Crickets and gentleman(s), I give you... COLLECT-TEXT (because calling it COLLECT-LINE would not be different enough from COLLECT-LINES to spot easily):

collect-text: chain [
     adapt 'collect [
         body: compose/only [
             keep [] // make sure no null return, an empty block at the least
             keep: adapt specialize 'keep [
                 line: false | only: false | part: false
              ] [value: unspaced try :value]
             (as group! body)
         ]
     ]
         |
     :spaced // if an empty block gets here, it becomes a null result
 ]

The individual bits you KEEP with single blocks will be tight together, with the final result being spaced out:

 >> warnings: ["crazy-spectre-thing" "ms-ships-buggy-headers"]

 >> command: collect-text [
        keep "$(REBOL)"
        for-each w warnings [keep ["-Wno-" w]]
    ]

== "$(REBOL) -Wno-crazy-spectre-thing -Wno-ms-ships-buggy-headers"

This seems another nice tool to go in. I'll say that as hard as it is having the heavy amount of code in the make system being all Rebol, being able to use the language to attack it with new Ren-C features redeems it (this was why I endorsed it in the first place, even though it was very...big).

BlackATTR · December 7, 2018, 2:52pm

(Applause!) Very cool, and instructive. Anything which makes text munging more powerful and literate is a huge win for me.
Great stuff, Brian. Reading posts like this feels like:

hostilefork · December 9, 2018, 5:02pm

From my end, it usually feels like the holographic instruction manual from Invader Zim

"Why would you do all that?"
"Because it's Cool."

hostilefork · November 5, 2020, 1:22am

>> collect-lines [
      keep ["How" "about" "this?"]
      keep case [
          1 = 2 [["Not" "Kept"]]
          3 = 4 [["This" "Neither"]]
      ]
      keep/dup ["Pretty" "cool" "eh?"] 2
   ]
== [
    "How about this?"
    "Pretty cool eh?"
    "Pretty cool eh?"
]

Getting the fabric behind COLLECT-LINES working is important, and this has kept pushing on the state of the art.

But going beyond it, I think even better is POINTFREE. It's more general and keeps the definitions right in front of you.

POINTFREE can't do partial argument invocations like the following yet, but it should be able to eventually:

>> collect [
      keep: (<- keep unspaced)

      keep ["How" "about" "this?"]
      keep case [
          1 = 2 [["Not" "Kept"]]
          3 = 4 [["This" "Neither"]]
      ]
      keep/dup ["Pretty" "cool" "eh?"] 2
   ]

And I think that's probably the right way to go with this.

With comma as the new experiment for expression barriers, I'm not sure how I feel about:

      keep: <- keep unspaced,

That comma flies a little under the radar.

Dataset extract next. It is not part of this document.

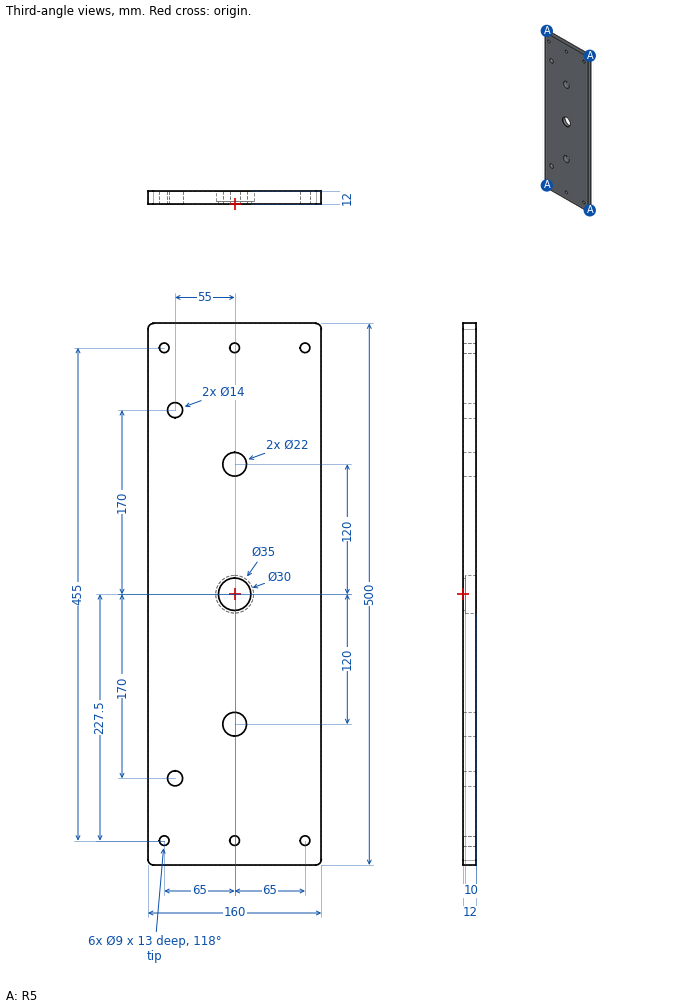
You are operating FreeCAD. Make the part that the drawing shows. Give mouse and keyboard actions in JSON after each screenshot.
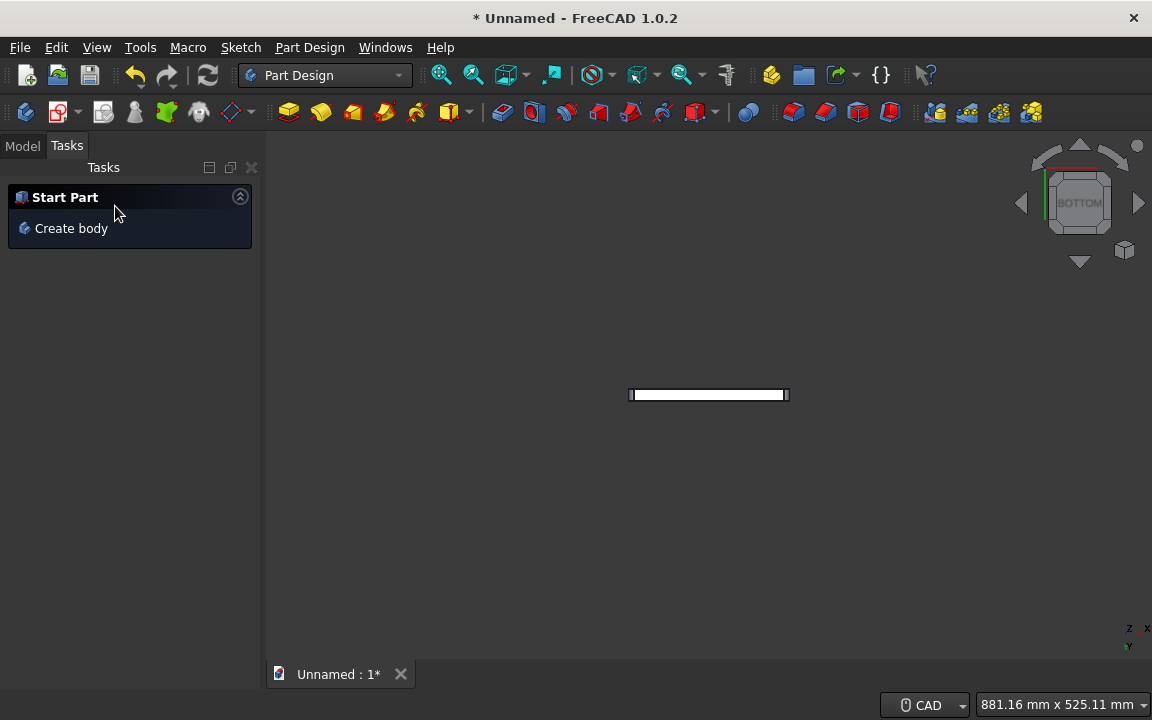
{"action": "key", "text": "0"}

Maybe not so bad with a space.

      keep: <- keep unspaced ,

Anyway that could be an alternate option.

hostilefork · October 3, 2021, 9:07am

I was looking at a line of code with COLLECT-TEXT and didn't really remember what it did, so I had to look it up.

This supports my argument that really, we're better off letting people define these specializations on an as-needed basis. Also, that lets you give the keep operation the name you want:

collect [
    keep: (<- keep/line spaced)  ; if you don't think name reuse is confusing
    ...
]

collect [
    keepline: (<- keep/line spaced)  ; if you only want it a little briefer
    ...
]

collect [
    keepL: (<- keep/line spaced)  ; if you're this kind of person
    ...
]

Having these examples has certainly been good for testing, so I do want to thank these specializations for their service.

But I think it's good enough to just put COLLECT-TEXT and COLLECT-LINES in the test suite. Having them in the mezzanine is just "that much more stuff" that needs documentation and for people reading the (few) callsites to trip over. I think the case-by-case specializations are clearer.